▶ _What to produce_: What lines in the listing include "undercut"? Return a copy of each.

┄┄┄┄┄┄┄┄┄┄

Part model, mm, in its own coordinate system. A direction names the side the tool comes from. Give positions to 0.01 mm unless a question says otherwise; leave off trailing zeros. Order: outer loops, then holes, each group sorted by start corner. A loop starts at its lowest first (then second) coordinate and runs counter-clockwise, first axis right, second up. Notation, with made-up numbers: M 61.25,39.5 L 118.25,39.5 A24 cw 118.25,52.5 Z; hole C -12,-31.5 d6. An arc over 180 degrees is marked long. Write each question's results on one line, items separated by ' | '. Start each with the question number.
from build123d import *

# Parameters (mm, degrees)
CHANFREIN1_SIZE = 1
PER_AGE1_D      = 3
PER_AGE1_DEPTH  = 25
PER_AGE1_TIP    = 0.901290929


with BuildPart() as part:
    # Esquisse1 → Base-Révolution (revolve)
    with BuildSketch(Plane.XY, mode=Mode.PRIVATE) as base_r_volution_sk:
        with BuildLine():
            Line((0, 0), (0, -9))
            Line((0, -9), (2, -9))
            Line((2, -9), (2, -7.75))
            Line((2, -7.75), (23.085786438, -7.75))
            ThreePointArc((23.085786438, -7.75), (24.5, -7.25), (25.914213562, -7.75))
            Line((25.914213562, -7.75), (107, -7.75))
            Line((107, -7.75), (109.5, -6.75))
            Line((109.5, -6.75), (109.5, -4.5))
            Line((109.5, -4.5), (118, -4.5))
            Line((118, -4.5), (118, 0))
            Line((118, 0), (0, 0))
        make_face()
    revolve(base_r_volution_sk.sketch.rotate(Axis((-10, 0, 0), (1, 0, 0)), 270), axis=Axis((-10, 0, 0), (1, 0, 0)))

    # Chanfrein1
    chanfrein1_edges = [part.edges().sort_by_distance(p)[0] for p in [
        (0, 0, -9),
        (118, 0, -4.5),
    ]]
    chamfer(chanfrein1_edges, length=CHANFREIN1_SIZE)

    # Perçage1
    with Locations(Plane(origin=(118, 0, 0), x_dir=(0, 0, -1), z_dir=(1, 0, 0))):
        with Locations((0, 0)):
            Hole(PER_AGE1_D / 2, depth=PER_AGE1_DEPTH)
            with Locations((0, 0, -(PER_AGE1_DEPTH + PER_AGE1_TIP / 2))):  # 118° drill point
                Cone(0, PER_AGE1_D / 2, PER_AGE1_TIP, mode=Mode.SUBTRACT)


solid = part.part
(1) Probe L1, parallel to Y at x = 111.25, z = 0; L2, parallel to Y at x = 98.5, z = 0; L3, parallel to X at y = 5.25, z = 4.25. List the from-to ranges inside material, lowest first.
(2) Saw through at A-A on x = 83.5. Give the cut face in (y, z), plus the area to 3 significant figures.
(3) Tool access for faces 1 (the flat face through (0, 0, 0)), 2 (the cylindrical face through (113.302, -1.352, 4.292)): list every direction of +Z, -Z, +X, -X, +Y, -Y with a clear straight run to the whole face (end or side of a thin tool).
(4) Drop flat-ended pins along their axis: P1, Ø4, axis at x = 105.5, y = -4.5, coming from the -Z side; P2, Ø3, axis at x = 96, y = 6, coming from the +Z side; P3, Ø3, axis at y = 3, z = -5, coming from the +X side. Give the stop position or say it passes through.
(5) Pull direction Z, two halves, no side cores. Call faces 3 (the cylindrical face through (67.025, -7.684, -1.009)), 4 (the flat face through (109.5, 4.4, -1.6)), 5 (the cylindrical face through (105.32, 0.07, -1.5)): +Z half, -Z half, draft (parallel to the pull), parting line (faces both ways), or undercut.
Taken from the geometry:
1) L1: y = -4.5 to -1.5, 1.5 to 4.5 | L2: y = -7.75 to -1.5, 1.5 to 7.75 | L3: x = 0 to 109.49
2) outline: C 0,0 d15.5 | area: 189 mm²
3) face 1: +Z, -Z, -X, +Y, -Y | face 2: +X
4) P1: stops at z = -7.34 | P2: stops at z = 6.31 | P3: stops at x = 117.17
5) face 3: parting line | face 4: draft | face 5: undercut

┄┄┄┄┄┄┄┄┄┄

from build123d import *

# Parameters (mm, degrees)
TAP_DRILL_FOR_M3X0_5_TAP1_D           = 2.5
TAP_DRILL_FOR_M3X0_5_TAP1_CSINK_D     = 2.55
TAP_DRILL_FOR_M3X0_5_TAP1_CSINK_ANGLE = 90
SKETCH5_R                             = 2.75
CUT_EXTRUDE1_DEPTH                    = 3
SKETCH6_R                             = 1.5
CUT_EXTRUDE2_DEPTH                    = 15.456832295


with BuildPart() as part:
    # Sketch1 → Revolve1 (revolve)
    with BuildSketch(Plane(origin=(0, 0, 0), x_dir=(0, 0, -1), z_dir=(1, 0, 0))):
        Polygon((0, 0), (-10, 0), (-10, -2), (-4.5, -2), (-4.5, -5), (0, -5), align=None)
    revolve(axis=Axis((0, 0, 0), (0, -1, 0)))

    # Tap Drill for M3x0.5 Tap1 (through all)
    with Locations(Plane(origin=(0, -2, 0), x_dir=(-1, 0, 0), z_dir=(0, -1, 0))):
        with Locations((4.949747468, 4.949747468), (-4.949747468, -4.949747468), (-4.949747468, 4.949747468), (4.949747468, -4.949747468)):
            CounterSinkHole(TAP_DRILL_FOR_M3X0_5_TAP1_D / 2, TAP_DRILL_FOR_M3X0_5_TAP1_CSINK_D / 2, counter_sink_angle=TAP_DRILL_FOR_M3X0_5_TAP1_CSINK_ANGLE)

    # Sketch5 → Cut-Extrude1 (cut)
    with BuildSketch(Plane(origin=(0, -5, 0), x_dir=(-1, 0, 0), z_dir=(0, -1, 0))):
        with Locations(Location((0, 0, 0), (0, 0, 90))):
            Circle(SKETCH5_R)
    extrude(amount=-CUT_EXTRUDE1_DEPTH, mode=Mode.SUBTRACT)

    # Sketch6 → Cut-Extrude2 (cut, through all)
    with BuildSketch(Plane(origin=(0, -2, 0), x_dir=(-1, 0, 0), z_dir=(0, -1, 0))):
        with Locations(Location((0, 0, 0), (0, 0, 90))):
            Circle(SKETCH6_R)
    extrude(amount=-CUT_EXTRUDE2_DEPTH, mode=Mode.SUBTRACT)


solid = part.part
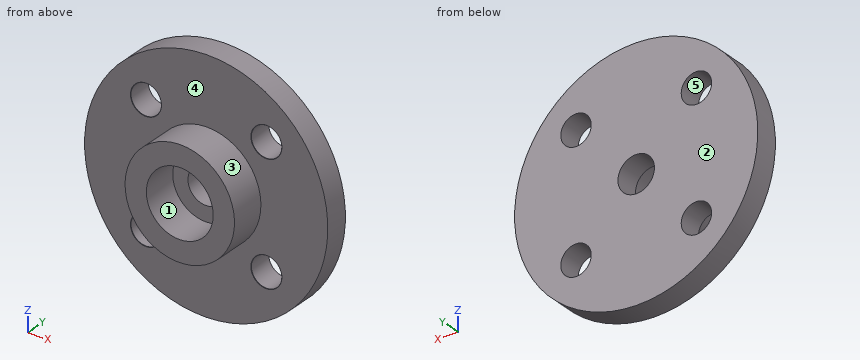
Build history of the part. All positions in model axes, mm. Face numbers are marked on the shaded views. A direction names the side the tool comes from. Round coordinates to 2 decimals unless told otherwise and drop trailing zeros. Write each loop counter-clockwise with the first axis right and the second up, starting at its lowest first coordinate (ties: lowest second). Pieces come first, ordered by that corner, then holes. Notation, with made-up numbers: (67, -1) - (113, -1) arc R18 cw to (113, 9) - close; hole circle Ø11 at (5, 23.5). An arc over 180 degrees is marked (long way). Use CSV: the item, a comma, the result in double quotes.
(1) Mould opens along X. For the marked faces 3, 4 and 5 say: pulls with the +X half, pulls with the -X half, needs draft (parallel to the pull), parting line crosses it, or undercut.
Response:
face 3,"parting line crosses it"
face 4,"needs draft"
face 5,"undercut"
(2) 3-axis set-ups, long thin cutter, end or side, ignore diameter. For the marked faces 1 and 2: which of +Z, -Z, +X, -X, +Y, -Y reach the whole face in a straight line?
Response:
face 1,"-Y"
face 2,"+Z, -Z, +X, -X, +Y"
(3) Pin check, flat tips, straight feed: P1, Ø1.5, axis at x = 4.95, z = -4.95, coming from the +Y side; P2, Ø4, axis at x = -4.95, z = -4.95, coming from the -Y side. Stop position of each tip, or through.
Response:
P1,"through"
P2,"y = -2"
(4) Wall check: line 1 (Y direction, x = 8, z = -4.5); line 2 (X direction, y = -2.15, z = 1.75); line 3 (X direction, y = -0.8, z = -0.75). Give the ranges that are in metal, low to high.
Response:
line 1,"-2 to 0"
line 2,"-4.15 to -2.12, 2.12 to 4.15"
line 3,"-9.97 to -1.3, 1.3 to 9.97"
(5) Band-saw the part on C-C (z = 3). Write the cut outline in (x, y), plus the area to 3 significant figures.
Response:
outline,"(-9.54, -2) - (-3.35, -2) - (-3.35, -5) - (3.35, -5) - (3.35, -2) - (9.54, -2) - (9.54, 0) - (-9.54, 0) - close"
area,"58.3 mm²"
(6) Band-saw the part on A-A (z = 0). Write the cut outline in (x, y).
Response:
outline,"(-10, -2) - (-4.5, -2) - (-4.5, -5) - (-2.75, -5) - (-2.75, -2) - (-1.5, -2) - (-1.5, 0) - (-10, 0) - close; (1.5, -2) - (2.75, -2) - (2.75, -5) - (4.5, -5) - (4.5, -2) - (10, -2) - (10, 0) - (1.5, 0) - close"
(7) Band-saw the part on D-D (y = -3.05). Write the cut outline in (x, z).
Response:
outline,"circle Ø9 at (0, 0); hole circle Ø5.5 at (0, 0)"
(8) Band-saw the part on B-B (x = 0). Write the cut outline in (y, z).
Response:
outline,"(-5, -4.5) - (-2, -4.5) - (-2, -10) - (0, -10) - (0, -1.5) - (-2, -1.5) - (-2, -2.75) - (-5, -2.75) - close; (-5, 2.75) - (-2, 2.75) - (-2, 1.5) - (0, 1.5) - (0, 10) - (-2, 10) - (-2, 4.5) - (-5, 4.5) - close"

┄┄┄┄┄┄┄┄┄┄

▶ _Task solution_:
(5) Pull direction Z, two halves, no side cores. Call faces 3 (the cylindrical face through (67.025, -7.684, -1.009)), 4 (the flat face through (109.5, 4.4, -1.6)), 5 (the cylindrical face through (105.32, 0.07, -1.5)): +Z half, -Z half, draft (parallel to the pull), parting line (faces both ways), or undercut.
5) face 3: parting line | face 4: draft | face 5: undercut
(1) Mould opens along X. For the marked faces 3, 4 and 5 say: pulls with the +X half, pulls with the -X half, needs draft (parallel to the pull), parting line crosses it, or undercut.
face 5,"undercut"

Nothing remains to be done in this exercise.